'60 Minutes' says to correct report on Benghazi attack
(Reuters) - TV newsmagazine "60 Minutes" on Friday said it would correct an October report on the September 11, 2012, attack on the U.S. diplomatic mission in Benghazi, Libya, saying that a source who told the program that he had been present at the scene of the attack gave conflicting testimony to the FBI.
The program on October 27 aired a segment on the attack, in which the U.S. ambassador to Libya, Chris Stevens, and three other Americans were killed, quoting a security official who described being at the compound during the attack, fighting off an assailant and seeing the ambassador's body.
Reporter Lara Logan said 60 Minutes no longer had confidence in the information the security official had given the program and it was a mistake to put him on air.
"60 Minutes" has since learned that the official, who it named as Dylan Davies, gave the FBI a different account of his actions that night, Logan said on a CBS morning news program on Friday.
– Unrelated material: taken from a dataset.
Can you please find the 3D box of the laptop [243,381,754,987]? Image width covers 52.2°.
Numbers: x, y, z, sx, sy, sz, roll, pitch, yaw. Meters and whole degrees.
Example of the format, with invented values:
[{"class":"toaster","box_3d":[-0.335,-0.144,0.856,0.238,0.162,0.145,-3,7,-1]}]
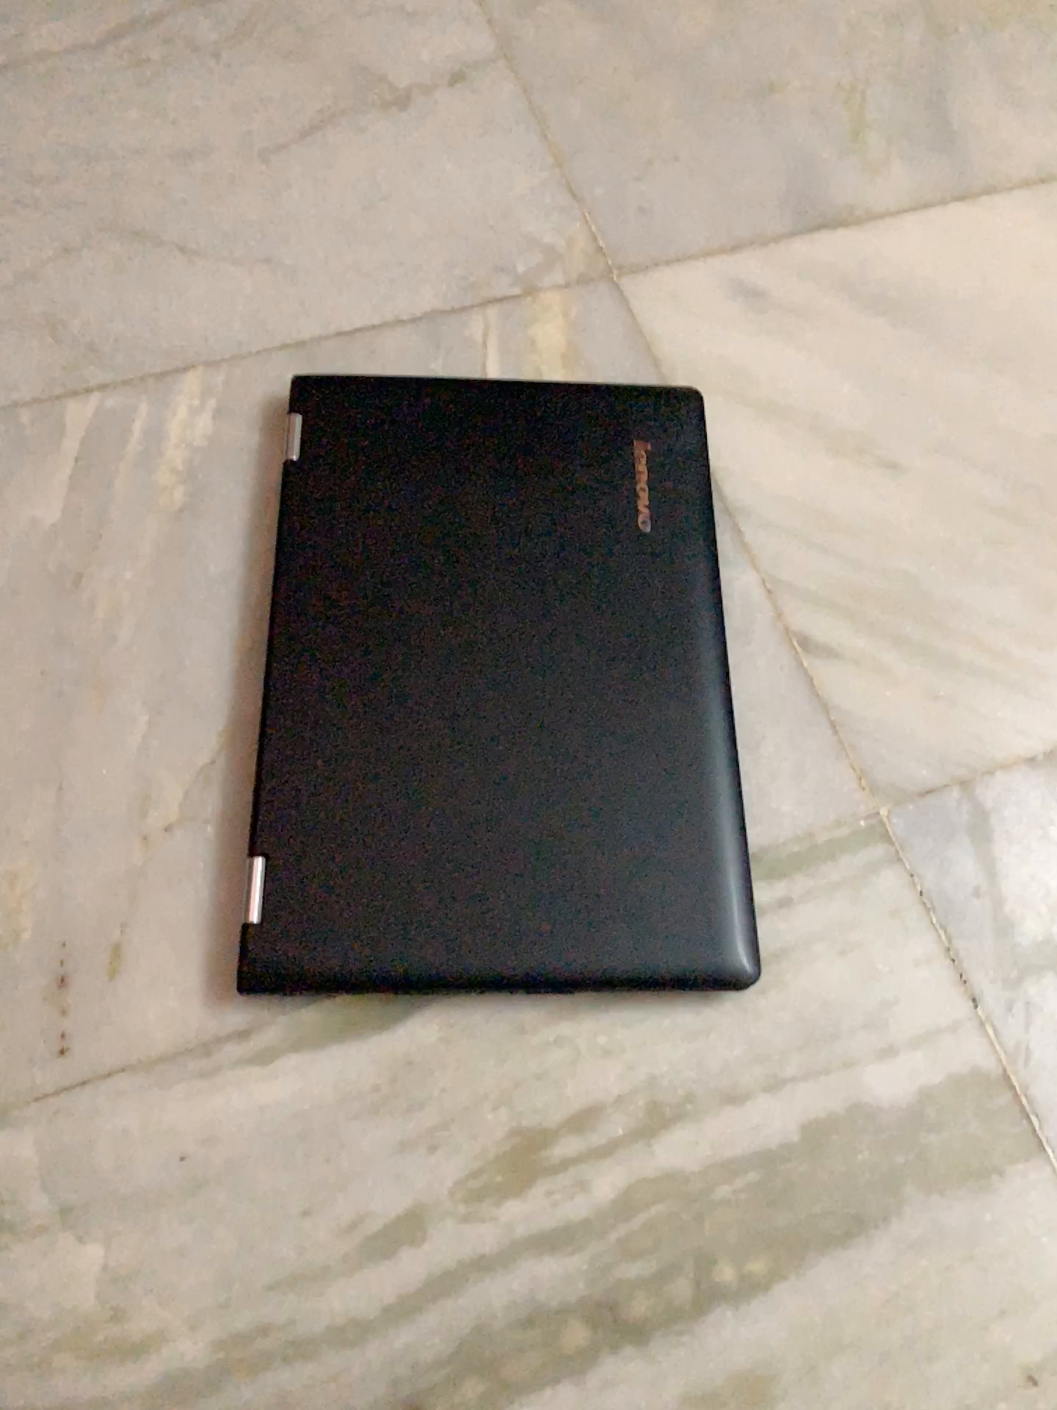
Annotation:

"The most important thing to every person at '60 Minutes' is the truth, and today the truth is we made a mistake," Logan said on "CBS This Morning." "Nobody likes to admit they made a mistake, but if you do, you have to stand up and take responsibility and you have to say that you are wrong. And in this case, we were wrong."
The program plans to air a correction on Sunday, Logan said.
Simon and Schuster, a publisher owned by CBS Corp, on Friday began withdrawing a book on the incident, "The Embassy House," which was written by Davies under the pseudonym Morgan Jones.
"In light of information that has been brought to our attention since the initial publication of 'The Embassy House,' we have withdrawn from publication and sale all formats of this book and are recommending that booksellers do the same," said Jennifer Robinson, a spokeswoman for Simon and Schuster's Threshold Editions unit.
The Benghazi attack, mounted by militants linked to al Qaeda, has emerged as a political flashpoint in Washington, with Republican lawmakers saying the assault and death of an ambassador show that President Barack Obama's administration has failed to maintain security at foreign posts.
Republican Senator Lindsey Graham last month threatened to block Janet Yellen, Obama's pick as next head of the Federal Reserve, until the administration provides more information on how the attack occurred.